Он пожал плечами и потряс тростниковой свирелью, которую держал в левой руке.

– Ты сам этого захотел, – сказал он. – Я убью тебя, чтобы ты стал героем. – Он повернулся к солдатам, которые не осмеливались даже моргнуть. – Из моей «трубы громов» вылетит молния, которая убьет вашего начальника, а из этой флейты – рокочущие голоса богов, которые вас оглушат и ослепят, если вы осмелитесь хотя бы на меня взглянуть. Советую вам закрыть глаза, если хотите их сохранить, а также сохранить жизнь, потому что ярость богов в тысячу раз более жестокая, чем ярость Атауальпы. Закрывайте глаза!

Он швырнул свирель в огонь, поднял оружие и, прицелившись прямо в грудь Помы Ягуара, выстрелил.
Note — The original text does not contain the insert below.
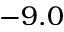<formula> <loc_0><loc_0><loc_500><loc_500>- 9 . 0</formula> 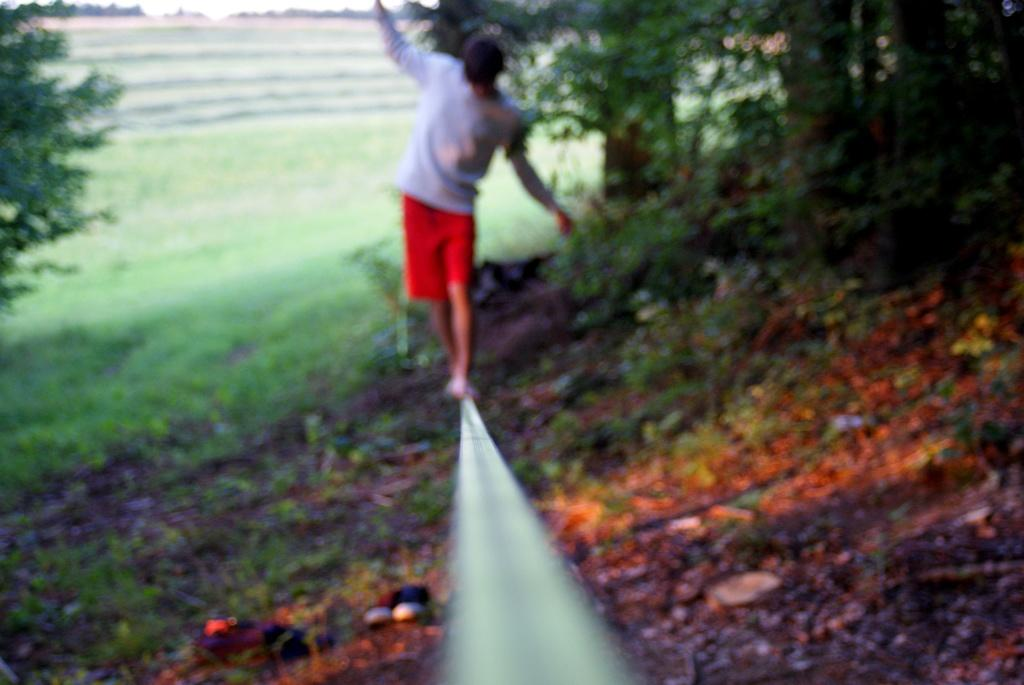What is the man in the image doing? The man is walking on a metal rod in the image. What can be seen in the background of the image? There are trees and grass visible in the background of the image. What type of crown is the man wearing while walking on the metal rod? There is no crown present in the image; the man is not wearing any headgear. 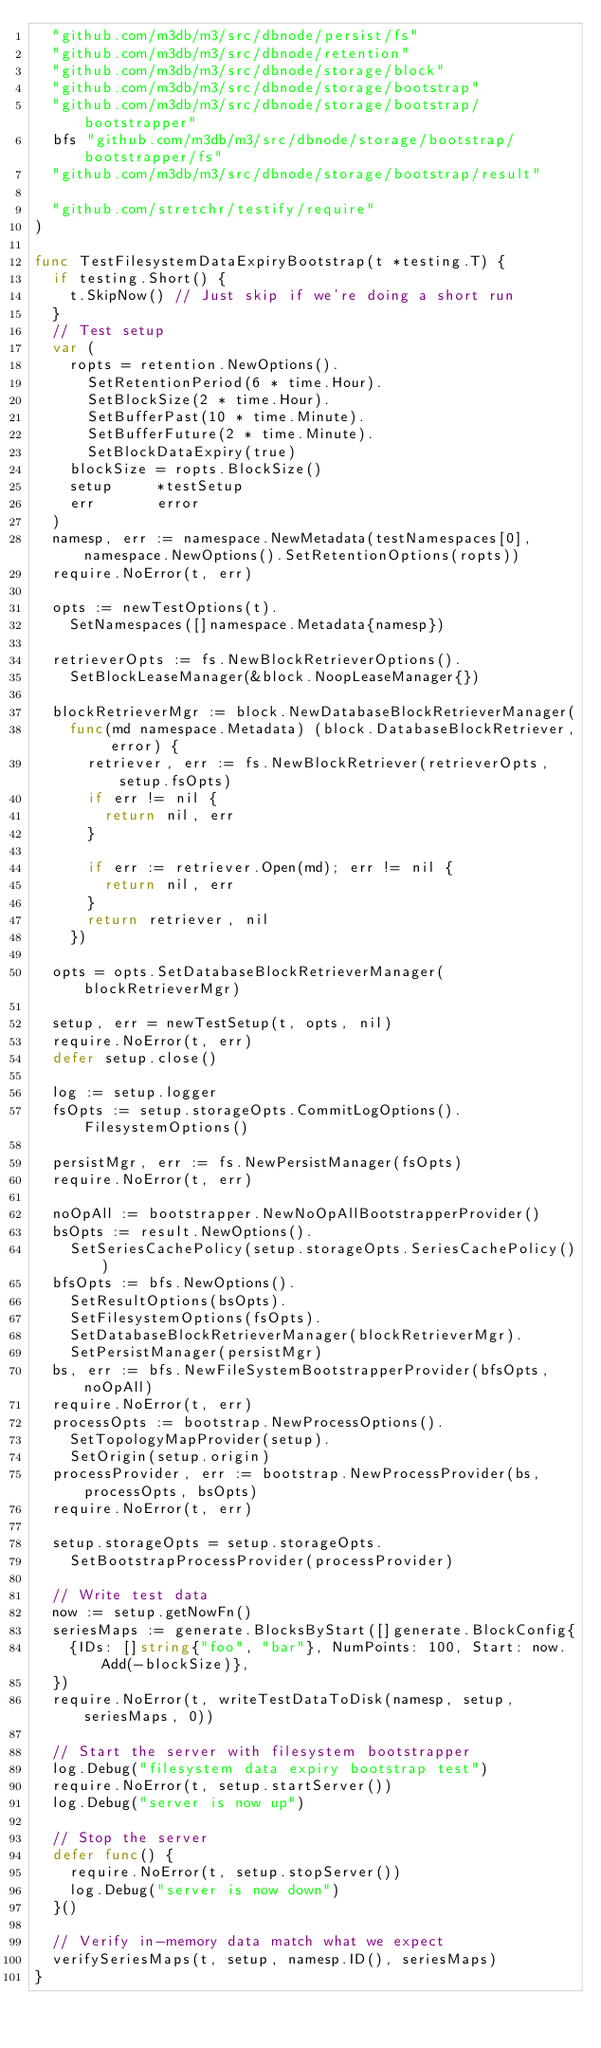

В тишине ночи прогремел звук выстрела, сверкнула вспышка, и бедный человечек упал навзничь, издавая жуткий вопль боли и страха. На какое-то мгновение воцарилась тишина, как вдруг порох, которым были заполнены трубки тростниковой свирели, резко взорвался, наполнив окружающее пространство дымом, пеплом и вспышками.

Охваченные безудержной паникой солдаты бросились на землю, прикрывая головы руками и крича от ужаса.

Алонсо де Молина воспользовался сумятицей, чтобы схватить за плечо дрожащего кураку и увести его оттуда до того, как дым окончательно рассеется.

Когда спустя десять минут самый смелый из солдат наконец отважился открыть глаза, его взору предстала картина смерти и разрушения, а в воздухе витал неприятный острый запах: запах богов, которые своими молниями и своими громкими голосами охраняли гигантского и ужасного Виракочу.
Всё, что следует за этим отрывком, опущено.